- Born: 1936 (age 89–90) New Orleans, Louisiana
- Education: Louisiana State University (removed) Xavier University of Louisiana Columbia University (MA)
- Occupations: Speaker; Artist; Educator; Author
- Parent: A. P. Tureaud, Sr.

= A. P. Tureaud Jr. =

African-American speaker, artist, educator, and author

Alexander Pierre Tureaud Jr. (born c. 1936) is an African-American speaker, artist, educator, and author. He is known for being the first black student at Louisiana State University, entering in 1953 after his father, A. P. Tureaud Sr., sued the school. Tureaud Jr. was removed from school by court order after 55 days.

== Biography ==
Born in 1936, Tureaud Jr was raised in New Orleans' Seventh Ward by his mother and his father, the legendary civil rights attorney A. P. Tureaud Sr., who helped overturn segregation and other laws in Louisiana and nationwide.

When Jr. was 17, his father sued for his right to attend LSU. The lawsuit was initially successful, but the school would soon counter with a courtroom move of their own, having Jr. removed from the school by court order.

After his expulsion from LSU, in 1956 the Supreme Court of the United States ruled that the school erred in that it could not legally deny admission based on race or color. Even so, Tureaud graduated from Xavier University of Louisiana and earned an MA degree at Columbia University. In 1962, he taught at White Plains High School. He would later become an administrator.

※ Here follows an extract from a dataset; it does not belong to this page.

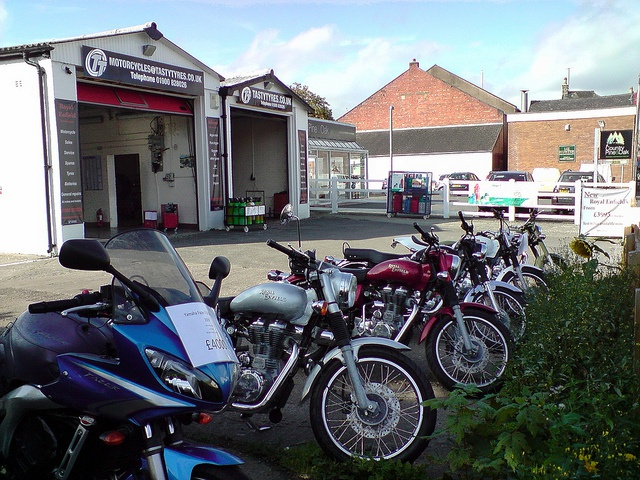Describe the objects in this image and their specific colors. I can see motorcycle in lightblue, black, navy, and gray tones, motorcycle in lightblue, black, gray, and darkgray tones, motorcycle in lightblue, black, gray, navy, and darkgray tones, motorcycle in lightblue, black, gray, darkgray, and navy tones, and motorcycle in lightblue, black, darkgray, gray, and lightgray tones in this image. 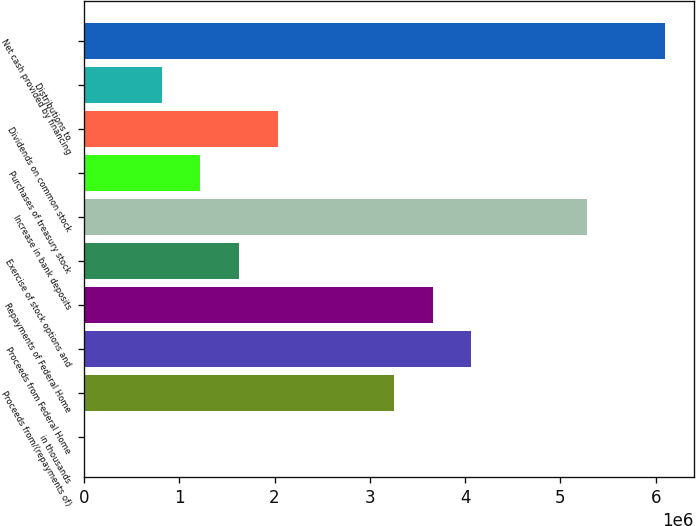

He received an honorary degree from LSU 58 years after his expulsion, in 2011. That same year, Tureaud and Rachel L. Emanuel wrote A More Noble Cause: A. P. Tureaud and the Struggle for Civil Rights in Louisiana, A Personal Biography, which covered his father's more than four decades of efforts for civil rights.

==Personal life==
In 1960, Tureaud married Faye Frances Darensbourg in Baton Rouge, Louisiana at St Francis Xavier Catholic Church. They later resided in Connecticut with their two sons and two grandchildren.